## WHAT THE TASK ASKS
Across the records below, report how many lines include the word "bind", stating the number alone.

## DATA UNDER STUDY
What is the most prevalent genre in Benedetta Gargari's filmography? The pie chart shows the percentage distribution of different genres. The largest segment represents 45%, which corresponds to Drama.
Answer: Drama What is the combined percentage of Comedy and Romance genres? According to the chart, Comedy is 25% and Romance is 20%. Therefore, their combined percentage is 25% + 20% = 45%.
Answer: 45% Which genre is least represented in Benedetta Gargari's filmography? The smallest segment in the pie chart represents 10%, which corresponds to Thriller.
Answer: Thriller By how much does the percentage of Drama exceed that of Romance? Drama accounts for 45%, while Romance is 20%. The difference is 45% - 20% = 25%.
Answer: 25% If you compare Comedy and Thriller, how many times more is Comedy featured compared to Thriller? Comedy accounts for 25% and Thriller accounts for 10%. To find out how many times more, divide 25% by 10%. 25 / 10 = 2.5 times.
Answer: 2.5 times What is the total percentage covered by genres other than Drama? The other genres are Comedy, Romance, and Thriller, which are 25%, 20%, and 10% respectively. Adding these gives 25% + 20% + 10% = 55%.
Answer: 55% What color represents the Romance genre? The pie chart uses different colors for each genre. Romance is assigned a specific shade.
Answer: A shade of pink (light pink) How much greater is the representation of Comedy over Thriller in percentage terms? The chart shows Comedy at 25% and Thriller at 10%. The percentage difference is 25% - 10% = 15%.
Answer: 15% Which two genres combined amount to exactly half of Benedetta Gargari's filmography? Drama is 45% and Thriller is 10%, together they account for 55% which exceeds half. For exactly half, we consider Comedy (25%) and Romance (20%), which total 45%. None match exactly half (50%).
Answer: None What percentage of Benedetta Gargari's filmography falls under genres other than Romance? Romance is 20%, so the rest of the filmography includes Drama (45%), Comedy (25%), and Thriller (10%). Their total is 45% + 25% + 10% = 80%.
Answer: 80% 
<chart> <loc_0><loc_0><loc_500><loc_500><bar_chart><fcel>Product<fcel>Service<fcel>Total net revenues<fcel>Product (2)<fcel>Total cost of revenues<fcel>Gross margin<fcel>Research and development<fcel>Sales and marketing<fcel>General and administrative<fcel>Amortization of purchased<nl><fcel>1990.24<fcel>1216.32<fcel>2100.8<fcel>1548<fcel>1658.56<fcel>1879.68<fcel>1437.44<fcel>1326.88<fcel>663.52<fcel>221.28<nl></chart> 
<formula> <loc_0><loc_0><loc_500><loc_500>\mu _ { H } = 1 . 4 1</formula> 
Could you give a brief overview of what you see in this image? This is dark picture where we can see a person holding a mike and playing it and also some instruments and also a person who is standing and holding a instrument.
* * *
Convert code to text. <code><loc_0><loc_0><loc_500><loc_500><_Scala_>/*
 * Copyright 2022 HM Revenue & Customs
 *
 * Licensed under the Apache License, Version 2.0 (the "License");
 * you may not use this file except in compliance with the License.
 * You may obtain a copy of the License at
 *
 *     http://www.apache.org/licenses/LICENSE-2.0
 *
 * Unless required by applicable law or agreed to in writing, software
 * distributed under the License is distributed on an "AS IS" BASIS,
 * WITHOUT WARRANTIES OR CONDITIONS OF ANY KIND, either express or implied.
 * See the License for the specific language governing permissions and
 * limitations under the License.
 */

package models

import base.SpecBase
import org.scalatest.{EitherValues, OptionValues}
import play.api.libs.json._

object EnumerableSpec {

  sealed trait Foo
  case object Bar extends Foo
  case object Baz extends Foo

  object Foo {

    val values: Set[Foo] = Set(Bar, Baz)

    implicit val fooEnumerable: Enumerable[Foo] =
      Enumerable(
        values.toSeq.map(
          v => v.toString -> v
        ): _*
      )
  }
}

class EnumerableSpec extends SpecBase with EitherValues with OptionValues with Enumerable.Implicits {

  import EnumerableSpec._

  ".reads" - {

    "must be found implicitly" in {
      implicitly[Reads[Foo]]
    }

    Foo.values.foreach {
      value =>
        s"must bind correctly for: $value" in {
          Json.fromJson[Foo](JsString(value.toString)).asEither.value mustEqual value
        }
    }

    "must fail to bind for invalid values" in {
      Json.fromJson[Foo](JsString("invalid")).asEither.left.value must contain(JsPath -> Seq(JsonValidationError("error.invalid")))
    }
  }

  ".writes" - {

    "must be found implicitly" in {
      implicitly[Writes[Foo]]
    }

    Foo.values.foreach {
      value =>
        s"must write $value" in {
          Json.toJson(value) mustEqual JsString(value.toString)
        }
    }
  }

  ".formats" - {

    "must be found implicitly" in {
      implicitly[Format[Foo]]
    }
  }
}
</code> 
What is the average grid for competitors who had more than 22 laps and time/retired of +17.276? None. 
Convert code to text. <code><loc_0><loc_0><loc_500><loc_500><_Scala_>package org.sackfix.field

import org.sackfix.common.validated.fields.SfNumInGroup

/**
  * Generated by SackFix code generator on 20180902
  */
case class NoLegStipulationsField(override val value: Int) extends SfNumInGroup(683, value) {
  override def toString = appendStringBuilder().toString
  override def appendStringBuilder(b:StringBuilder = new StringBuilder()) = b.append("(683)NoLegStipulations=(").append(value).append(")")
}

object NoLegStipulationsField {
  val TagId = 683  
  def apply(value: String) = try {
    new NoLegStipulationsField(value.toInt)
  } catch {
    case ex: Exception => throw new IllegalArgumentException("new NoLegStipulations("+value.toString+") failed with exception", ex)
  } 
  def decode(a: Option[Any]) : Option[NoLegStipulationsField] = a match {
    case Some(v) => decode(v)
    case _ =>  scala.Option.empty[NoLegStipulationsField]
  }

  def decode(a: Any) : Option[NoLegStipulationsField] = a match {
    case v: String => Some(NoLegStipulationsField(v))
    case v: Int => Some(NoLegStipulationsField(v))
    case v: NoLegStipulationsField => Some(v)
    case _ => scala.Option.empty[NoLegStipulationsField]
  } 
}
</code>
...
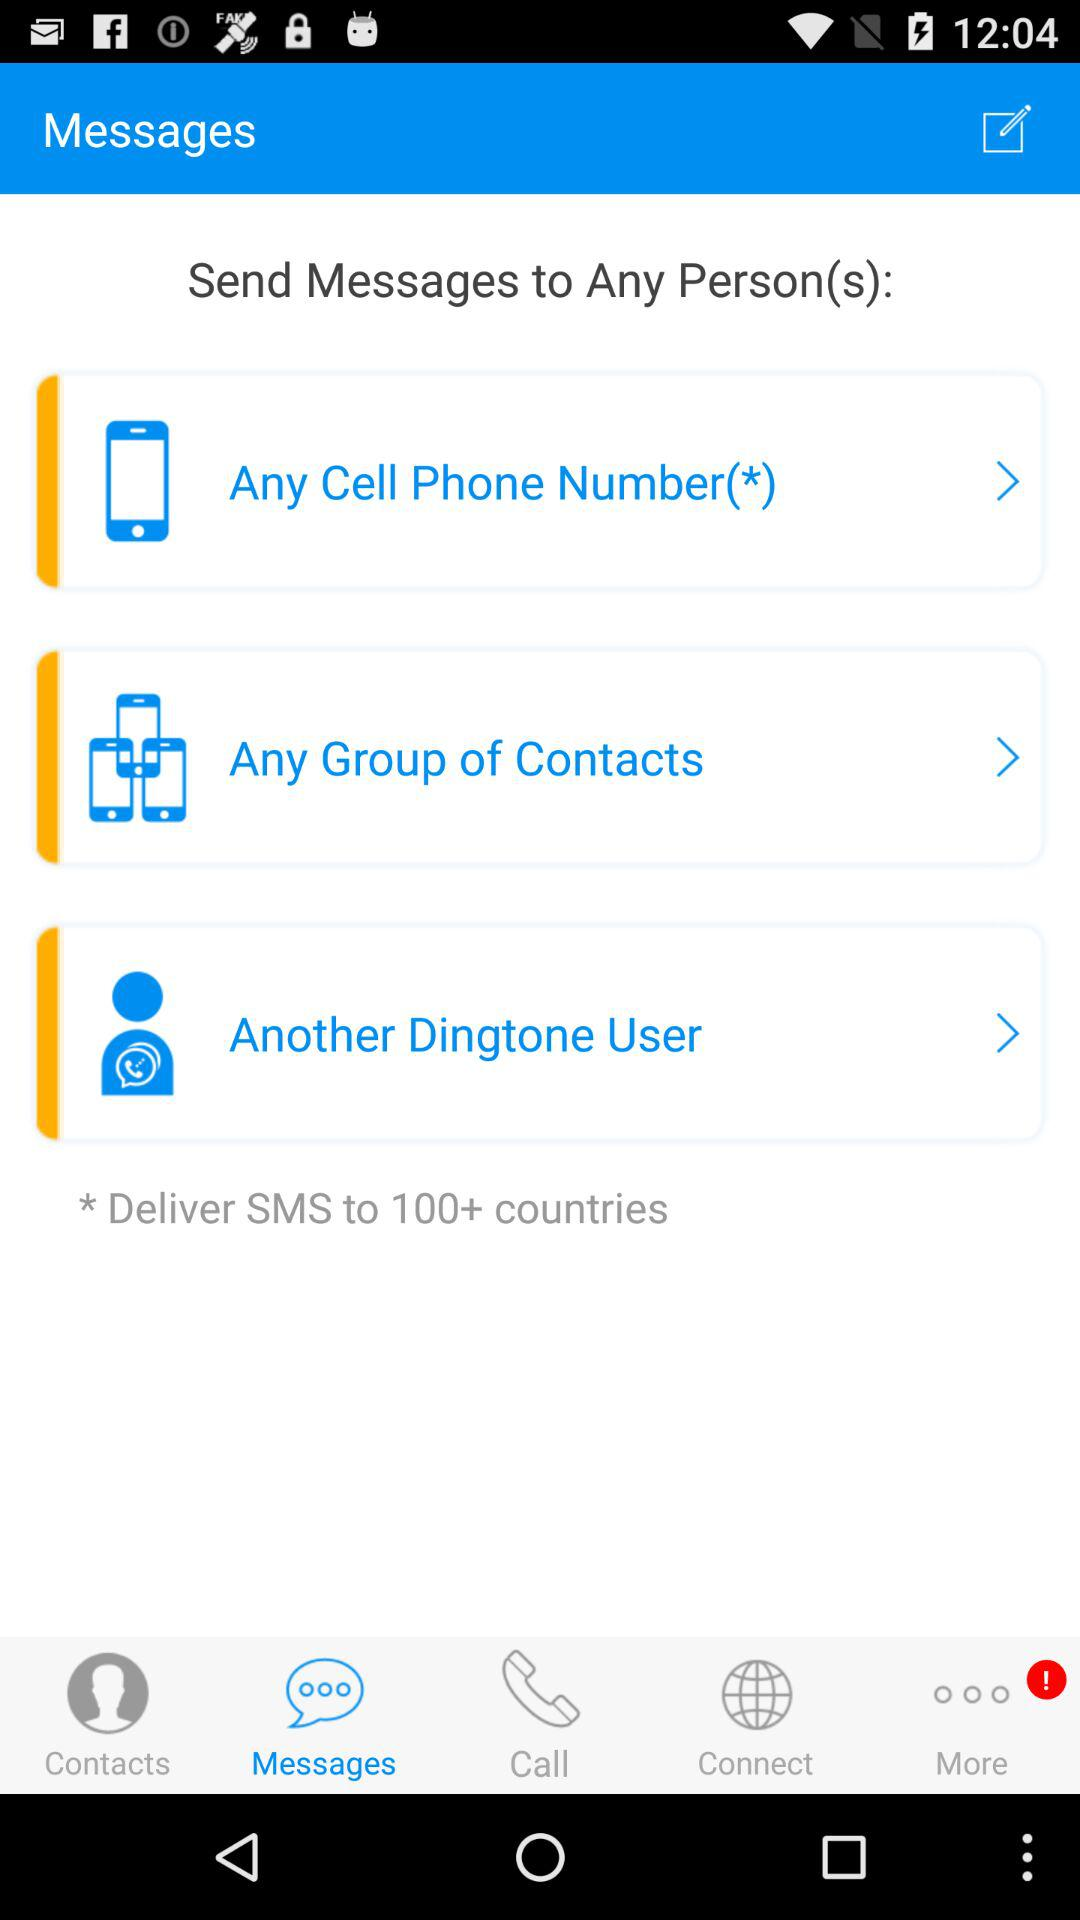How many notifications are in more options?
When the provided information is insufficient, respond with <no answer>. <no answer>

## SOLUTION TO THE PROBLEM
2